» **TASK REQUIREMENTS**
Count every line below that holds "assetId". Number only.

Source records
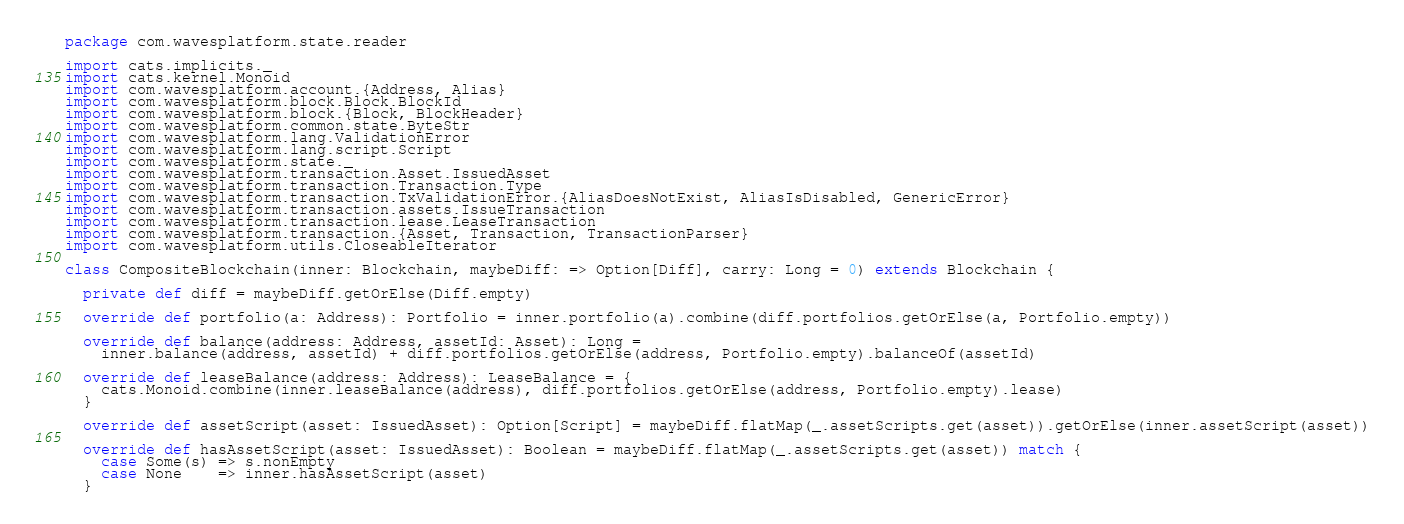Convert code to text. <code><loc_0><loc_0><loc_500><loc_500><_Scala_>package com.wavesplatform.state.reader

import cats.implicits._
import cats.kernel.Monoid
import com.wavesplatform.account.{Address, Alias}
import com.wavesplatform.block.Block.BlockId
import com.wavesplatform.block.{Block, BlockHeader}
import com.wavesplatform.common.state.ByteStr
import com.wavesplatform.lang.ValidationError
import com.wavesplatform.lang.script.Script
import com.wavesplatform.state._
import com.wavesplatform.transaction.Asset.IssuedAsset
import com.wavesplatform.transaction.Transaction.Type
import com.wavesplatform.transaction.TxValidationError.{AliasDoesNotExist, AliasIsDisabled, GenericError}
import com.wavesplatform.transaction.assets.IssueTransaction
import com.wavesplatform.transaction.lease.LeaseTransaction
import com.wavesplatform.transaction.{Asset, Transaction, TransactionParser}
import com.wavesplatform.utils.CloseableIterator

class CompositeBlockchain(inner: Blockchain, maybeDiff: => Option[Diff], carry: Long = 0) extends Blockchain {

  private def diff = maybeDiff.getOrElse(Diff.empty)

  override def portfolio(a: Address): Portfolio = inner.portfolio(a).combine(diff.portfolios.getOrElse(a, Portfolio.empty))

  override def balance(address: Address, assetId: Asset): Long =
    inner.balance(address, assetId) + diff.portfolios.getOrElse(address, Portfolio.empty).balanceOf(assetId)

  override def leaseBalance(address: Address): LeaseBalance = {
    cats.Monoid.combine(inner.leaseBalance(address), diff.portfolios.getOrElse(address, Portfolio.empty).lease)
  }

  override def assetScript(asset: IssuedAsset): Option[Script] = maybeDiff.flatMap(_.assetScripts.get(asset)).getOrElse(inner.assetScript(asset))

  override def hasAssetScript(asset: IssuedAsset): Boolean = maybeDiff.flatMap(_.assetScripts.get(asset)) match {
    case Some(s) => s.nonEmpty
    case None    => inner.hasAssetScript(asset)
  }
</code>

» **EXPECTED ANSWER**
2